Упоминание о внуках вызвало на лице его улыбку. Он оглянулся на дверь, которая вела в коридор и на кухню и откуда просачивался в комнату запах жарившегося в духовке мяса, начиненного морковью и луком, запах сметанного соуса, грибов и чего-то еще вкусного, чем собиралась угостить его Никитична (и что было так знакомо Павлу по предпраздничным хлопотам жены у плиты), посмотрел на книжный шкаф, диван, письменный стол и гардины на окне, свисавшие к поблескивавшему лаком паркетному полу, и вновь, в который раз, пока сидел здесь, подумал, что вот с кого бы Роману брать пример.

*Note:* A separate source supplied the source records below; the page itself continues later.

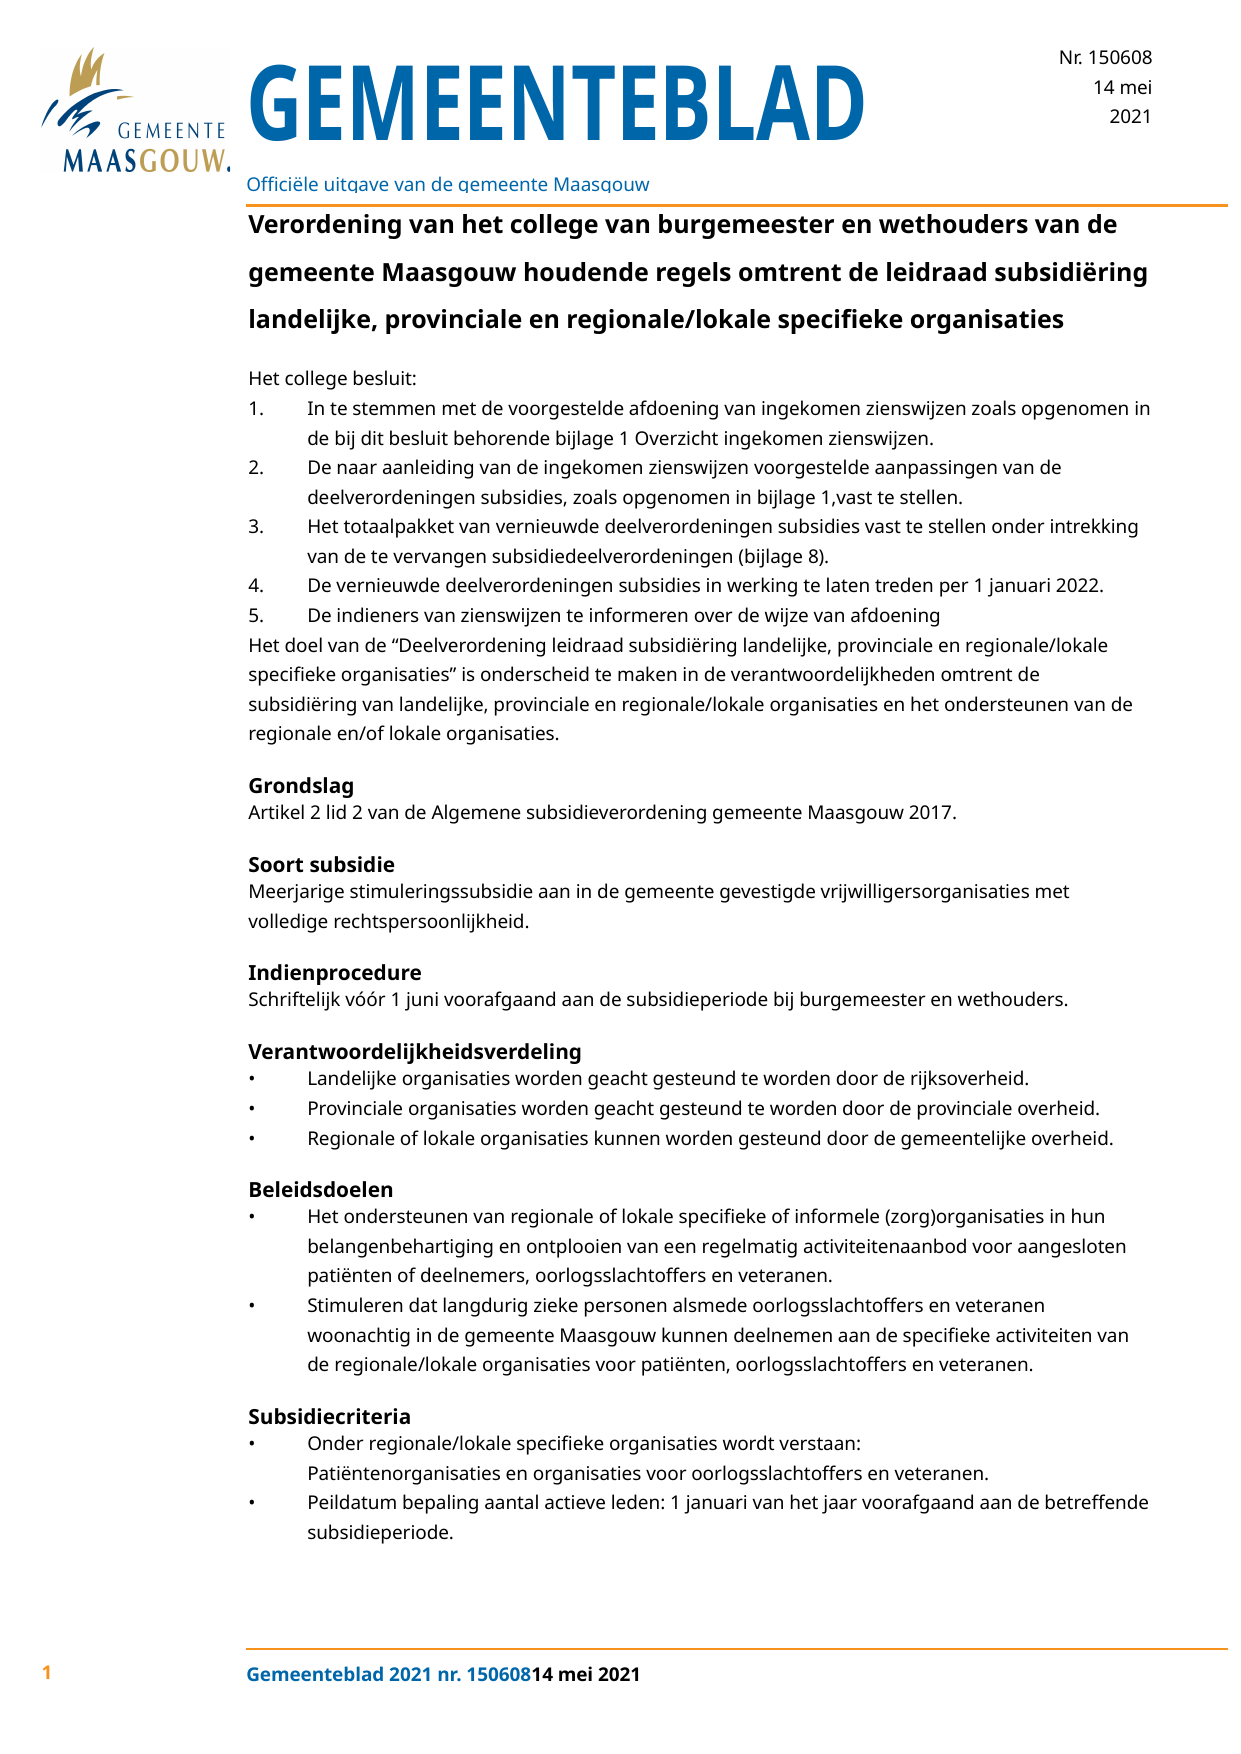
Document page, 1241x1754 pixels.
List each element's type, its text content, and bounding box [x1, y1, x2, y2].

list De naar aanleiding van de ingekomen zienswijzen voorgestelde aanpassingen van de deelverordeningen subsidies, zoals opgenomen in bijlage 1,vast te stellen. [248, 454, 1152, 509]
text Verordening van het college van burgemeester en wethouders van de gemeente Maasgouw houdende regels omtrent de leidraad subsidiëring landelijke, provinciale en regionale/lokale specifieke organisaties [248, 207, 1152, 336]
text Subsidiecriteria [248, 1402, 1152, 1430]
list Peildatum bepaling aantal actieve leden: 1 januari van het jaar voorafgaand aan de betreffende subsidieperiode. [248, 1489, 1152, 1545]
text Meerjarige stimuleringssubsidie aan in de gemeente gevestigde vrijwilligersorganisaties met volledige rechtspersoonlijkheid. [248, 878, 1152, 933]
list Patiëntenorganisaties en organisaties voor oorlogsslachtoffers en veteranen. [248, 1460, 1152, 1486]
list De vernieuwde deelverordeningen subsidies in werking te laten treden per 1 januari 2022. [248, 573, 1152, 598]
text Artikel 2 lid 2 van de Algemene subsidieverordening gemeente Maasgouw 2017. [248, 799, 1152, 825]
list Het ondersteunen van regionale of lokale specifieke of informele (zorg)organisaties in hun belangenbehartiging en ontplooien van een regelmatig activiteitenaanbod voor aangesloten patiënten of deelnemers, oorlogsslachtoffers en veteranen. [248, 1203, 1152, 1288]
text Soort subsidie [248, 850, 1152, 878]
list De indieners van zienswijzen te informeren over de wijze van afdoening [248, 602, 1152, 628]
text Het college besluit: [248, 366, 1152, 391]
list Onder regionale/lokale specifieke organisaties wordt verstaan: [248, 1430, 1152, 1456]
text Schriftelijk vóór 1 juni voorafgaand aan de subsidieperiode bij burgemeester en wethouders. [248, 987, 1152, 1012]
picture [41, 47, 231, 172]
list In te stemmen met de voorgestelde afdoening van ingekomen zienswijzen zoals opgenomen in de bij dit besluit behorende bijlage 1 Overzicht ingekomen zienswijzen. [248, 395, 1152, 450]
list Stimuleren dat langdurig zieke personen alsmede oorlogsslachtoffers en veteranen woonachtig in de gemeente Maasgouw kunnen deelnemen aan de specifieke activiteiten van de regionale/lokale organisaties voor patiënten, oorlogsslachtoffers en veteranen. [248, 1292, 1152, 1377]
list Provinciale organisaties worden geacht gesteund te worden door de provinciale overheid. [248, 1095, 1152, 1121]
text Het doel van de “Deelverordening leidraad subsidiëring landelijke, provinciale en regionale/lokale specifieke organisaties” is onderscheid te maken in de verantwoordelijkheden omtrent de subsidiëring van landelijke, provinciale en regionale/lokale organisaties en het ondersteunen van de regionale en/of lokale organisaties. [248, 632, 1152, 746]
list Regionale of lokale organisaties kunnen worden gesteund door de gemeentelijke overheid. [248, 1125, 1152, 1150]
text Grondslag [248, 771, 1152, 799]
list Landelijke organisaties worden geacht gesteund te worden door de rijksoverheid. [248, 1066, 1152, 1091]
text Verantwoordelijkheidsverdeling [248, 1037, 1152, 1066]
text Indienprocedure [248, 958, 1152, 987]
text Beleidsdoelen [248, 1175, 1152, 1203]
list Het totaalpakket van vernieuwde deelverordeningen subsidies vast te stellen onder intrekking van de te vervangen subsidiedeelverordeningen (bijlage 8). [248, 513, 1152, 569]

— Борис приезжает, — начал было Павел.
— О, Борис, ну как же, Борис твой пошел, — сейчас же подхватил Сергей Иванович, знавший, впрочем, о Борисе только, что тот был дипломатом и был в Вене, и знавший еще, что уже по одному этому, что дипломат и в Вене, многое в обществе станет доступным ему.
— Пошел-то пошел, да в примаки, — сказал Павел. Он не мог простить этого сыну и неприятно поморщился, подумав, что надо будет ехать к Борису и встречаться там со сватом и сватьей.
— Ну привередлив ты, я смотрю. Если так воспринимать все, то и жить будет невозможно. Все не нравится, все.